Why Flying Tulip Is an Upgrade for Investors & Traders
Flying Tulip introduces a new capital allocation mechanism and tokenomics designed for capital preservation and sustainable value creation through yield-funded buybacks, and long-term protocol growth.
Fixed Supply
Fixed Supply of 10 FT per $1 of collateral raised, capped at 10bn FT. There is 0 Inflation & unlimited upside. No time locks, no vesting cliff, fully liquid.
Downside Protection
Unique perpetual PUT option per investor with no trigger and it can be executed pro-rata. This ensures investor downside is protected and controllable, you can exit as little or as much as you want at any time, on your original terms.
Constant Buybacks
The token is natively integrated into the protocol, raised capital is deployed in DeFi with all sources of yield used to buyback and burn, increasing scarcity and holder value.
Backtest
(last 12 months)
Protocol TVL
Capital allocation to buybacks (from $1B raise)

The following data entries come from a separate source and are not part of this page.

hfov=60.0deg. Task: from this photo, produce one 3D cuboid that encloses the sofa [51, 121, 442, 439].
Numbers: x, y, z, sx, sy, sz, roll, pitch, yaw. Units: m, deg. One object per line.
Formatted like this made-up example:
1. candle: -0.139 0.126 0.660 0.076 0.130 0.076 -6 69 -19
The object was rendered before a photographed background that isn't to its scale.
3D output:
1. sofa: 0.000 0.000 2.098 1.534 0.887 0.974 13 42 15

Revenue to buybacks (from Protocol TVL)
Fees to buybacks (from Protocol TVL)
USD Stablecoin With Yield Built In
ftUSD is a delta-neutral stablecoin that maintains a $1 peg while auto-generating yield, fully transparent and auditable onchain. No third-party asset attestations or trust required.

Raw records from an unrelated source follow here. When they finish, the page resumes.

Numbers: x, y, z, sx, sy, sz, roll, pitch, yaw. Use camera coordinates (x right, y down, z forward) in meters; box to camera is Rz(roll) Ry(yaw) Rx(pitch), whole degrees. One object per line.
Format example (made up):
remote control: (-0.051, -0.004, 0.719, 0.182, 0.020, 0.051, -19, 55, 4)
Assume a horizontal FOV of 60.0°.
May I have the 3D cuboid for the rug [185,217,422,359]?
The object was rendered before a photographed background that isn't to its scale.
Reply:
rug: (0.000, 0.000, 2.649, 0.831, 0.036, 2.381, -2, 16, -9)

User deposits are deployed across lending, borrowing, staking, and funding rates, offering 8-12% APY.
Why ftUSD?
Stable & Productive
Unlike passive stablecoins, ftUSD generates income without introducing price volatility.
No liquidation risk
Hedged exposure eliminates risk of margin calls and cascading liquidations.
Fully Decentralized
All assets and strategies are onchain and auditable.
Composable base layer
Serves as a scalable, yield-bearing building block for Flying Tulip applications (lending, trading, derivatives).
Lending That Understands Execution
Our money market sets risk by actual price impact and observed volatility, not just static asset lists. That means fewer liquidations in turbulence and higher caps in calm periods.
Slippage-Aware LTV
Borrow caps and health factor reflect slippage to close positions under stress.
Same-Asset Debt
Optional borrowing in the same denomination as collateral for delta‑neutral futures and structured strategies.
ftUSD Flywheel
Delta‑neutral yield engine feeds liquidity and tight pricing across markets.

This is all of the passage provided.